▸ Aim of the task: Check every line of the data below for the word "principal" and say how many have it, without further comment.
═══ The input
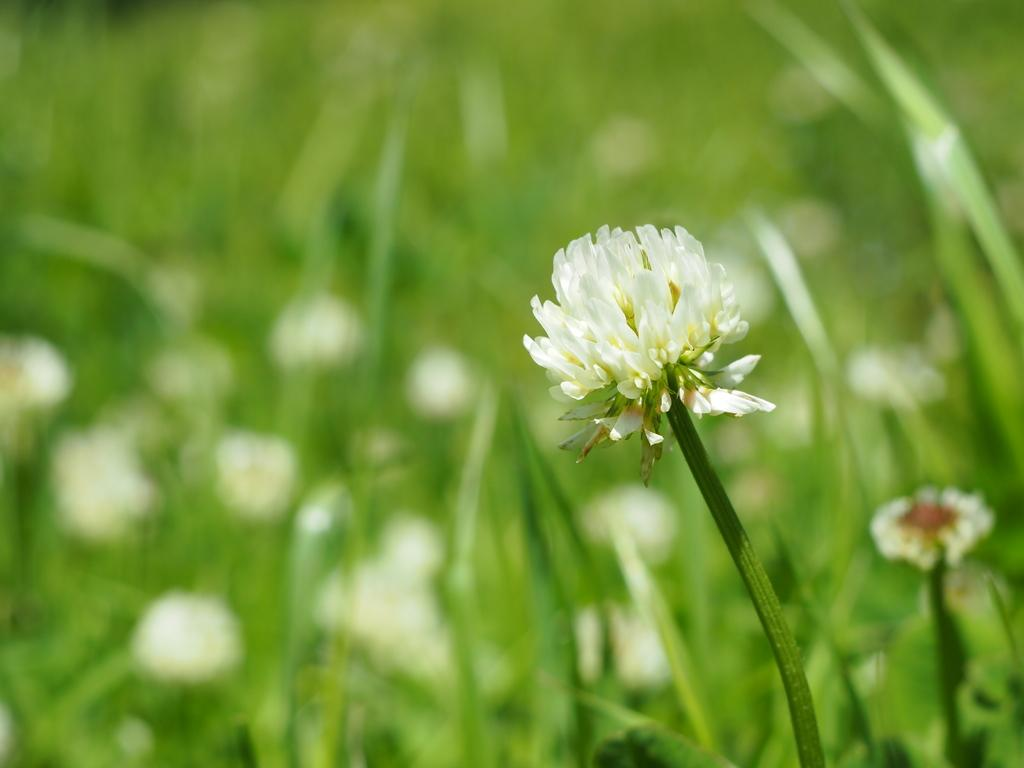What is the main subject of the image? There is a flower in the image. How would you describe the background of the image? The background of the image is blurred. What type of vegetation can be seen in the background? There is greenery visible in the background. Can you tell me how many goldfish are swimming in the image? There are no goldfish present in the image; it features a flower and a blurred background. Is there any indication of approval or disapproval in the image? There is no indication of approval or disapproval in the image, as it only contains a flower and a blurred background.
══════
═══ The input
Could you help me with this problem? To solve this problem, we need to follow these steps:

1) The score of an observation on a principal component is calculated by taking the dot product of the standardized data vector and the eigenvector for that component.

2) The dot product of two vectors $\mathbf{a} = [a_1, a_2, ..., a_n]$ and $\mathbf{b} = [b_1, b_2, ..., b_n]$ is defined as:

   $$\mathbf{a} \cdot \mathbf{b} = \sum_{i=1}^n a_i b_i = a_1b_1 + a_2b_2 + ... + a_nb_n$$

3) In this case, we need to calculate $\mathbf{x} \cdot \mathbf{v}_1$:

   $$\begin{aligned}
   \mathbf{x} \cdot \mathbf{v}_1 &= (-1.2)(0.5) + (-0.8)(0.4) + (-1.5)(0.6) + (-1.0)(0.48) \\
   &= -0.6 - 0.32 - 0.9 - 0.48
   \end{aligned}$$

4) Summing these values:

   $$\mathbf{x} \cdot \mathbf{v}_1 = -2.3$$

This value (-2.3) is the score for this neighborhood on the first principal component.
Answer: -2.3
══════
▸ Task answer: 2